Grimestone's histories were used for source material by several well-known seventeenth-century playwrights. The General History of Spain (1612) was likely the source for Philip Massinger's Believe as You List, and A General Inventory of the History of France (1607) was the primary source for George Chapman's Bussy D'Ambois, The Revenge of Bussy D'Ambois, and The Conspiracy and Tragedy of Charles, Duke of Byron.

Grimestone also published The Honest Man, or The Art to Please in Court (1632), a translation of a French courtly conduct manual by Nicolas Faret, L’Honneste Homme. Ov l’Art de plaire a la court (1630). The Honest Man offers advice to the would-be courtier or gentleman along the lines of Baldassare Castiglione's The Book of the Courtier (Il libro del Cortegiano, 1528). Grimestone dedicated the book to Richard Hubert, the courtier and groom porter to Charles I of England.

==Works/translations==
- A True History of the Memorable Siege of Ostend from anonymous French original (1604)
- The naturall and morall historie of the East and West Indies by José de Acosta (1604)
- A General Inventory of the History of France (1607)
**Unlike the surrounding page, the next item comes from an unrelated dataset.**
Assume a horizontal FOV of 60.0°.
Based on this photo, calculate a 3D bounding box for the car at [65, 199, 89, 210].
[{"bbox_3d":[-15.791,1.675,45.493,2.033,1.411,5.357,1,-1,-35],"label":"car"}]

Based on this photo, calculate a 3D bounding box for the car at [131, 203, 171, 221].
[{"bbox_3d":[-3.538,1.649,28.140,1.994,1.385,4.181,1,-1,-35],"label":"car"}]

- Admirable and Memorable Histories by Simon Goulart (1607)
- A General History of the Netherlands by Jean-François le Petit (1608, 1609)
- The Low-Country Commonwealth by Jean-François le Petit (1609)
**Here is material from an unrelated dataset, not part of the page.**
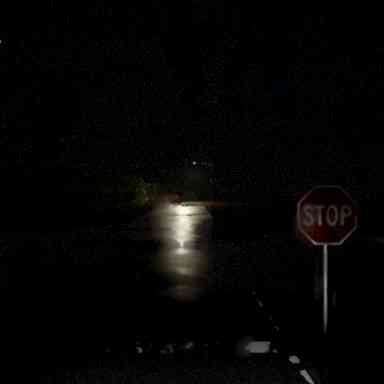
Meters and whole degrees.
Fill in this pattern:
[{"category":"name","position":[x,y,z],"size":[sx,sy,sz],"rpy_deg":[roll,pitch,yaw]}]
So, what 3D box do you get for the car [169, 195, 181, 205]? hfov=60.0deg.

- A General History of France – second edition – (1611)
- The Heroic Life and Deplorable Death of the Most Christian King Henry the Fourth by Pierre Mathieu (1611)
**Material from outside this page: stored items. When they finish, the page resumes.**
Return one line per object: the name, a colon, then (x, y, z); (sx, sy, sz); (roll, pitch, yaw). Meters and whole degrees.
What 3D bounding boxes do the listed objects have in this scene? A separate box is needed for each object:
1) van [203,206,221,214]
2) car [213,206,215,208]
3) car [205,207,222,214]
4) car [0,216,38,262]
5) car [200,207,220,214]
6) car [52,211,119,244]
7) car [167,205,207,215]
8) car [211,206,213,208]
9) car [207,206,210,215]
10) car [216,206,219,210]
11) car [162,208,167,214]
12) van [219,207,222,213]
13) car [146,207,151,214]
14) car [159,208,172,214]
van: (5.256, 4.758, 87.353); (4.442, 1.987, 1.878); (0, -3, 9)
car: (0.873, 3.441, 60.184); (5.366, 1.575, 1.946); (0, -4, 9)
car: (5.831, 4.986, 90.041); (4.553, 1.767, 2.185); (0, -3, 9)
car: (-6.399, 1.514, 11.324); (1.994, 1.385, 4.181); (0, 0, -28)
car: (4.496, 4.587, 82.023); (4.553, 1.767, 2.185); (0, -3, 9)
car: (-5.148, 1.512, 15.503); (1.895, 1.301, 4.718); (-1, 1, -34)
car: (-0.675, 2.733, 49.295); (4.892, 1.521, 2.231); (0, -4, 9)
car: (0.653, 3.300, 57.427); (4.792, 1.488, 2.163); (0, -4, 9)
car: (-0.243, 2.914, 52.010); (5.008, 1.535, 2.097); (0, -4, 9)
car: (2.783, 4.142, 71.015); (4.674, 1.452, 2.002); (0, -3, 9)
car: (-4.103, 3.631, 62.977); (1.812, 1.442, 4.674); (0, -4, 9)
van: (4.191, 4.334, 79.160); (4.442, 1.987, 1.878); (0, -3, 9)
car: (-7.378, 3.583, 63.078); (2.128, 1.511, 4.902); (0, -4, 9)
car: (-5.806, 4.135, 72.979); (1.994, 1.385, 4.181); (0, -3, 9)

- The General History of Spain by Louis de Mayerne Turquet (1612)
- The History of Louis [Lewis by Pierre Mathieu (1614)
- The Estates, Empires, and Principalities of the World by Pierre d'Avity (1615)
- A Table of Humane Passions by Nicolas Coeffeteau (1621)
- The Imperial History from the First Foundation of the Roman Monarchy to this Present Time by Pedro Mexia (1623)
- A General History of France – third edition – (1624)
- A General History of the Netherlands – second edition – (1627)
- The Honest Man, or The Art to Please in Court by Nicolas Faret (1632)
- The Counsellor of Estate, containing the Greatest and Most Remarkable Considerations serving for the Managing of Public Affairs by Philippe de Béthume (1634)
- The History of Polybius the Megalopolitan by Louis Maigret (1634)
- The History of the Imperial Estate of the Grand Seigneurs by Michel Baudier (1635)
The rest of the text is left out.